Aangezien de verzoekende onderneming niet aan een terugbetalingsverplichting is onderworpen, kan zij niet worden geacht individueel te zijn geraakt door een dergelijke beschikking.

(cf. punten 22‑23, 27, 31)

2.      De Unie is een rechtsunie waarin de handelingen van de instellingen aan het Verdrag en de algemene rechtsbeginselen, waartoe de grondrechten behoren, moeten worden getoetst. Particulieren moeten zich bijgevolg daadwerkelijk voor de rechter kunnen beroepen op de rechten die zij aan de rechtsorde van de Unie ontlenen.

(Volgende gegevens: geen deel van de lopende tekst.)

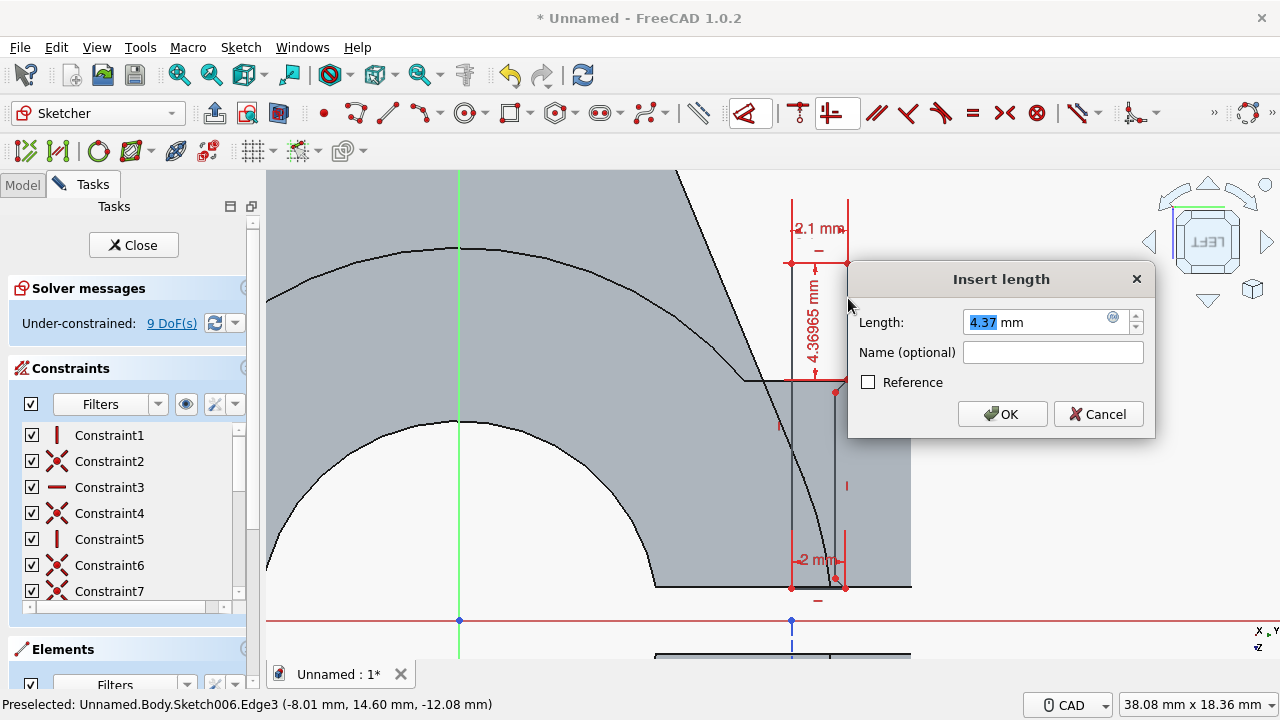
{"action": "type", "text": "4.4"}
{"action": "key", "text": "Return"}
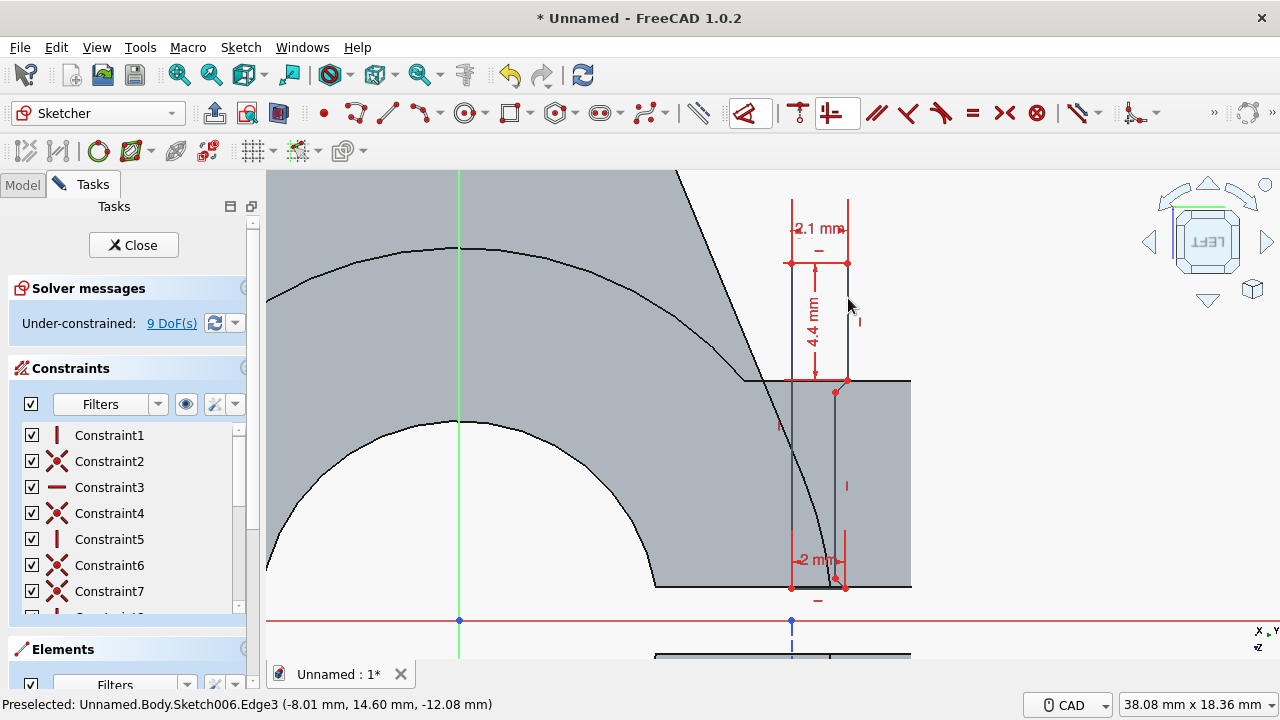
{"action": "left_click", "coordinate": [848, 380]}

Wanneer het Gerecht een beroep door een onderneming ingesteld tot nietigverklaring van een beschikking van de Commissie waarbij een steunregeling onverenigbaar met de gemeenschappelijke markt wordt verklaard en geen terugvordering van de steun wordt gelast, niet-ontvankelijk verklaart, staat niets eraan in de weg dat deze onderneming in het kader van eventuele gedingen voor een nationale rechter deze rechter voorstelt om krachtens artikel 267 VWEU een verzoek om een prejudiciële beslissing in te dienen om de geldigheid van de beschikking van de Commissie te betwisten, voor zover daarbij de litigieuze regeling onverenigbaar met de gemeenschappelijke markt is verklaard. In een dergelijk geval is de onderneming geenszins elke effectieve rechterlijke bescherming ontnomen.